• [Exercise objective]:
Would you print exactly the lines that begin the listing and continue through the line holding "Given: Find the"? No pictures, please.
================================
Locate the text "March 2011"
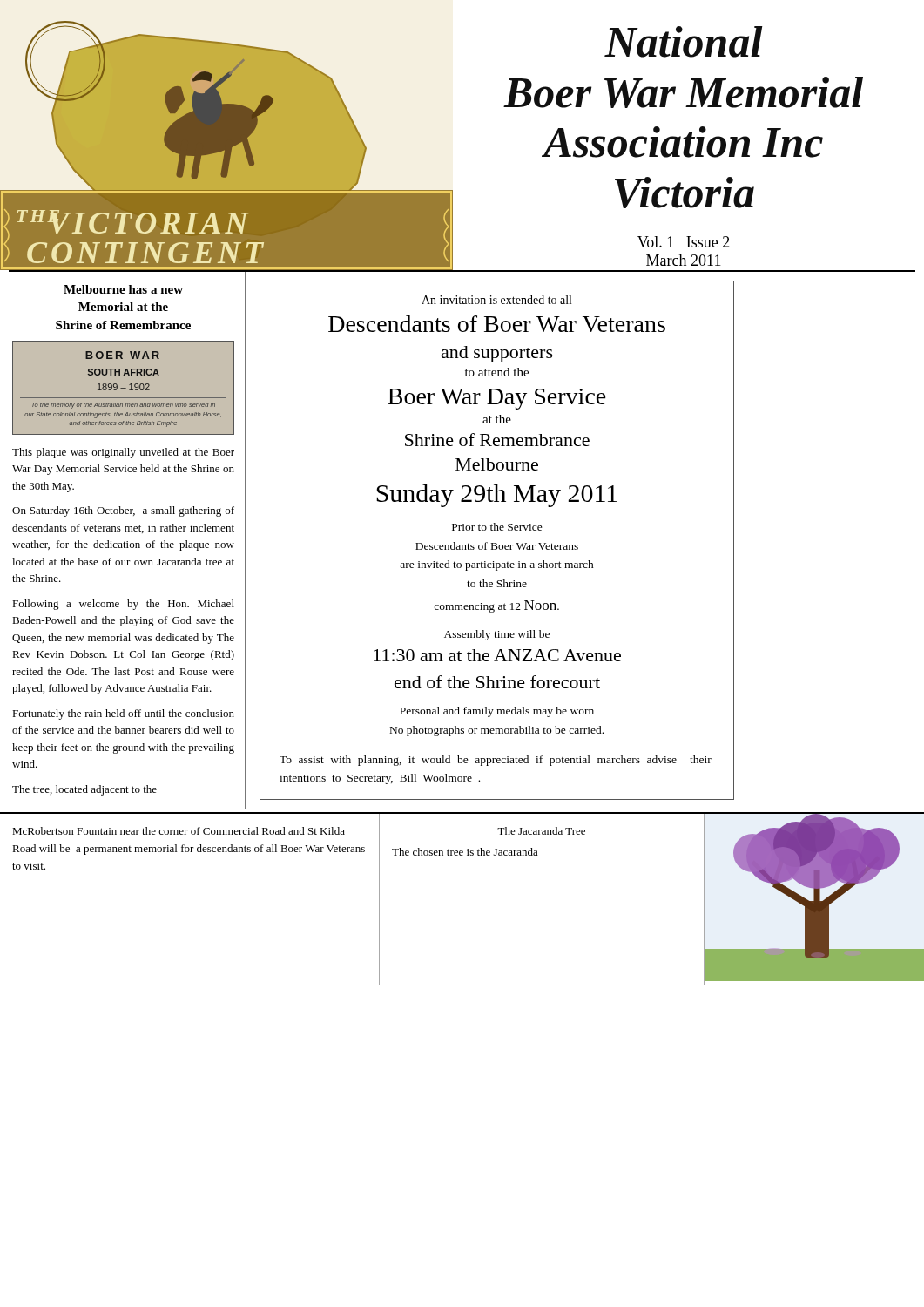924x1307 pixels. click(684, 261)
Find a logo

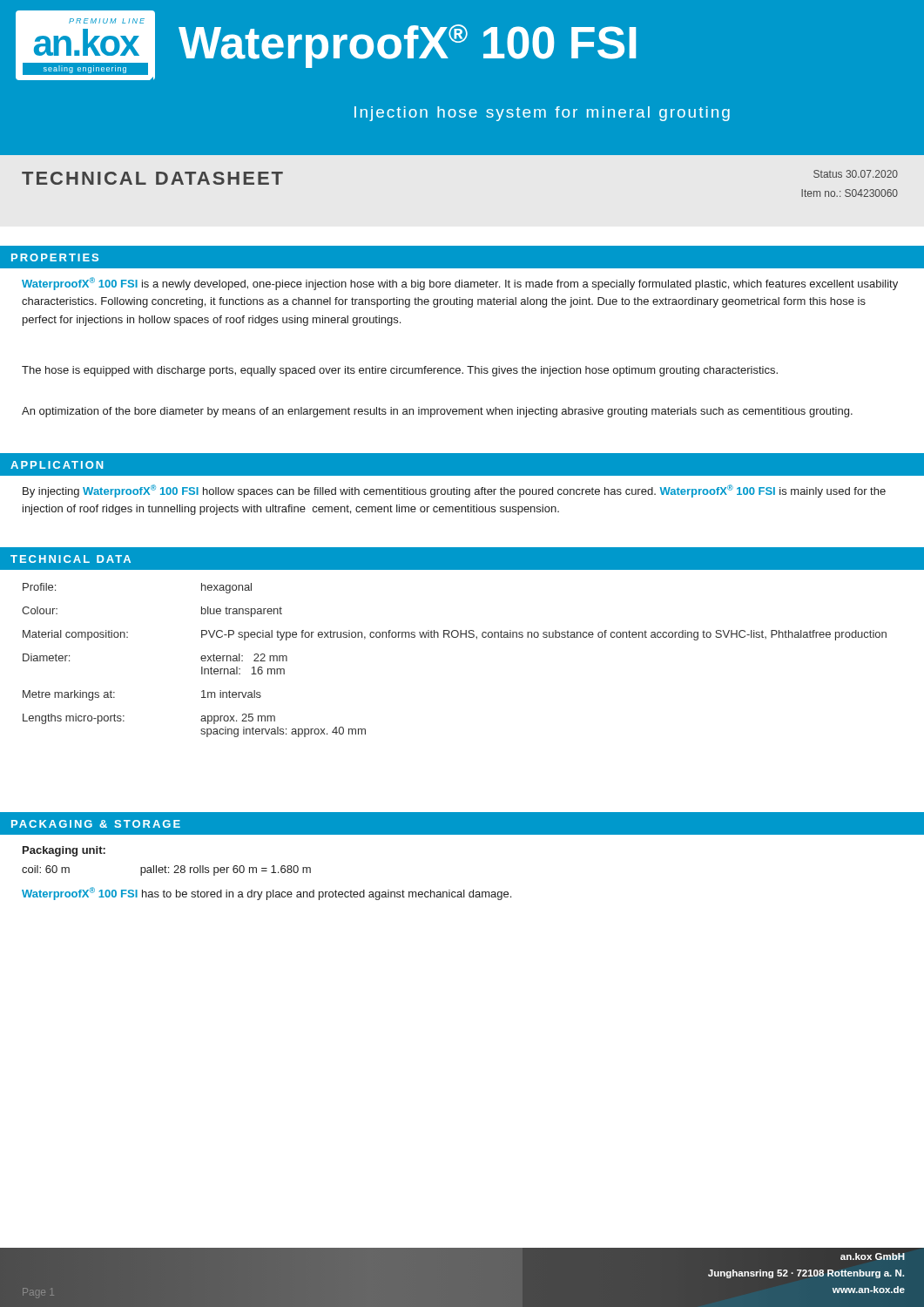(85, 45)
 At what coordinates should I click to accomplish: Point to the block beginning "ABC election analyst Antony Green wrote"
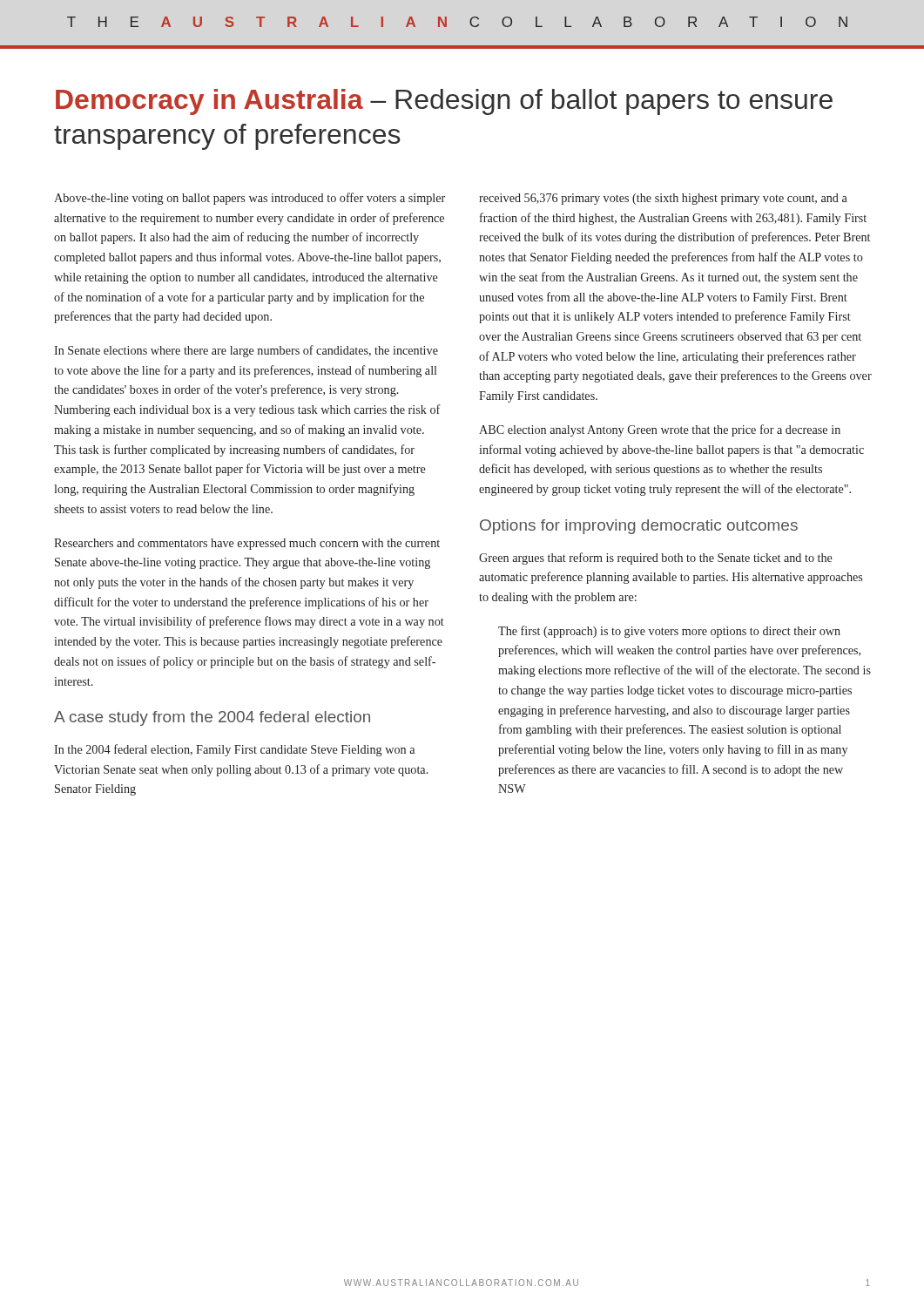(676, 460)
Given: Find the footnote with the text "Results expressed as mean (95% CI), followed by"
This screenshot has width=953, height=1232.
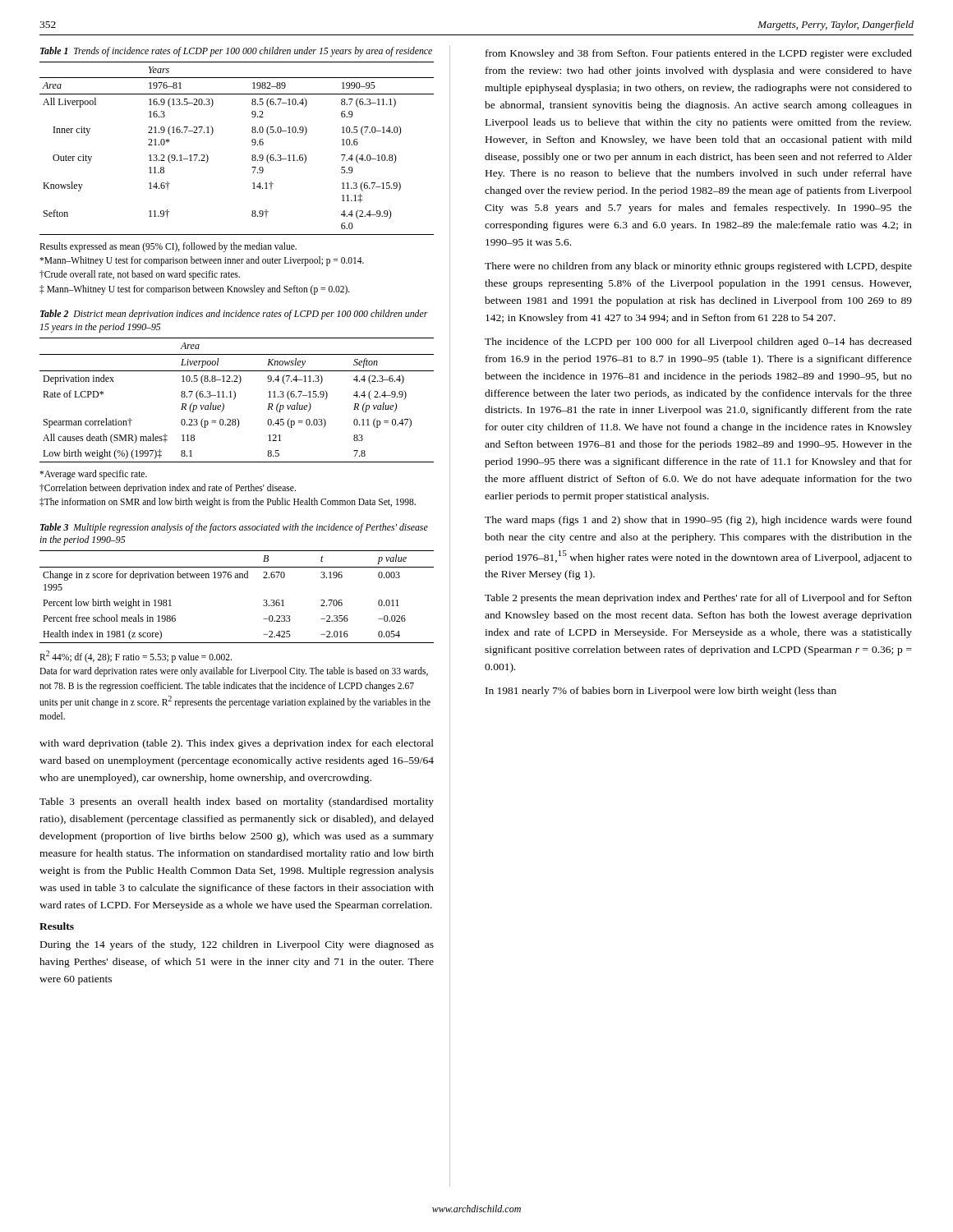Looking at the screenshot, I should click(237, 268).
================================
• [Completed exercise]:
Locate the text "March 2011"
924x1307 pixels. click(684, 261)
Find a logo

(85, 45)
 At what coordinates should I click to accomplish: Point to the block beginning "ABC election analyst Antony Green wrote"
(676, 460)
Given: Find the footnote with the text "Results expressed as mean (95% CI), followed by"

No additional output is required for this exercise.